• [ACTIVITY]:
Pictures do not belong in the copy, so please give every entry below again exactly.

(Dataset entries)
*** Block opens ***
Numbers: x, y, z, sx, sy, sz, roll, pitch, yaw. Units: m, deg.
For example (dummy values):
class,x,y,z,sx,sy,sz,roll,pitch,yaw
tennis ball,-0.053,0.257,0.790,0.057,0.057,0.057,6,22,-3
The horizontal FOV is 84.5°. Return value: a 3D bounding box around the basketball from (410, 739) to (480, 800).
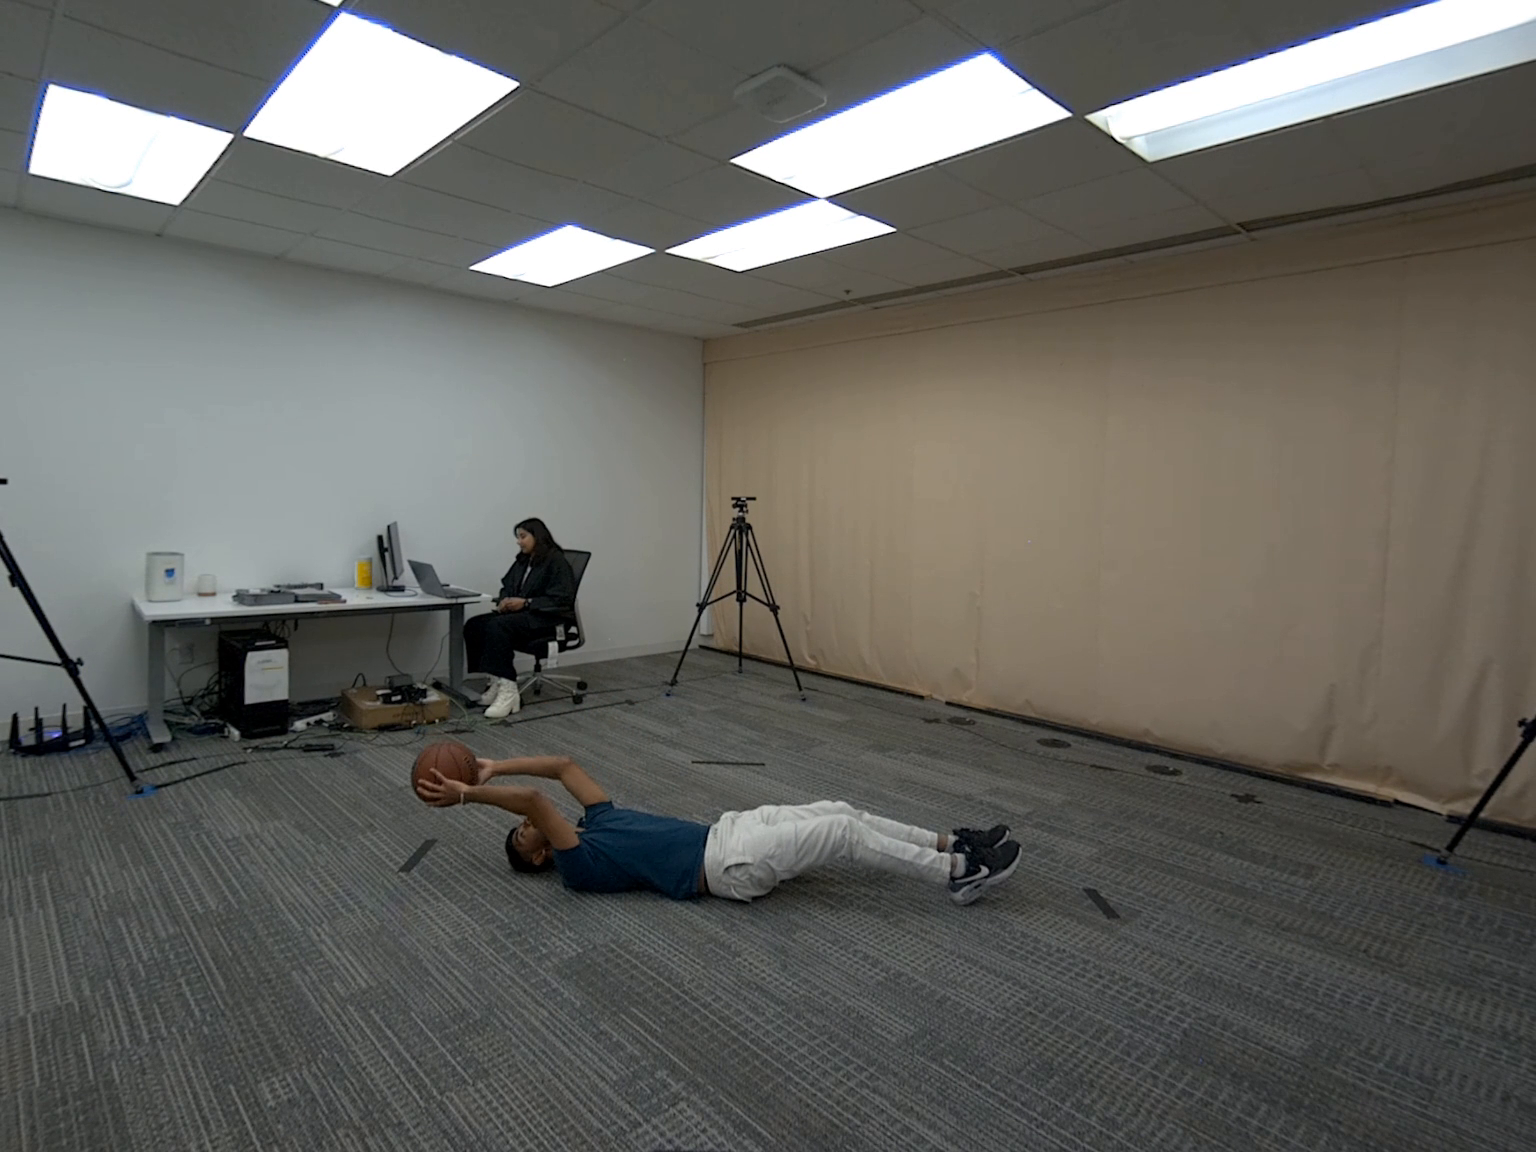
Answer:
class,x,y,z,sx,sy,sz,roll,pitch,yaw
basketball,-1.196,0.731,3.117,0.236,0.235,0.237,1,4,-1
*** Block closes ***
• [COMPLETED TASK]:
Numbers: x, y, z, sx, sy, sz, roll, pitch, yaw. Units: m, deg.
For example (dummy values):
class,x,y,z,sx,sy,sz,roll,pitch,yaw
tennis ball,-0.053,0.257,0.790,0.057,0.057,0.057,6,22,-3
The horizontal FOV is 84.5°. Return value: a 3D bounding box around the basketball from (410, 739) to (480, 800).
Answer:
class,x,y,z,sx,sy,sz,roll,pitch,yaw
basketball,-1.196,0.731,3.117,0.236,0.235,0.237,1,4,-1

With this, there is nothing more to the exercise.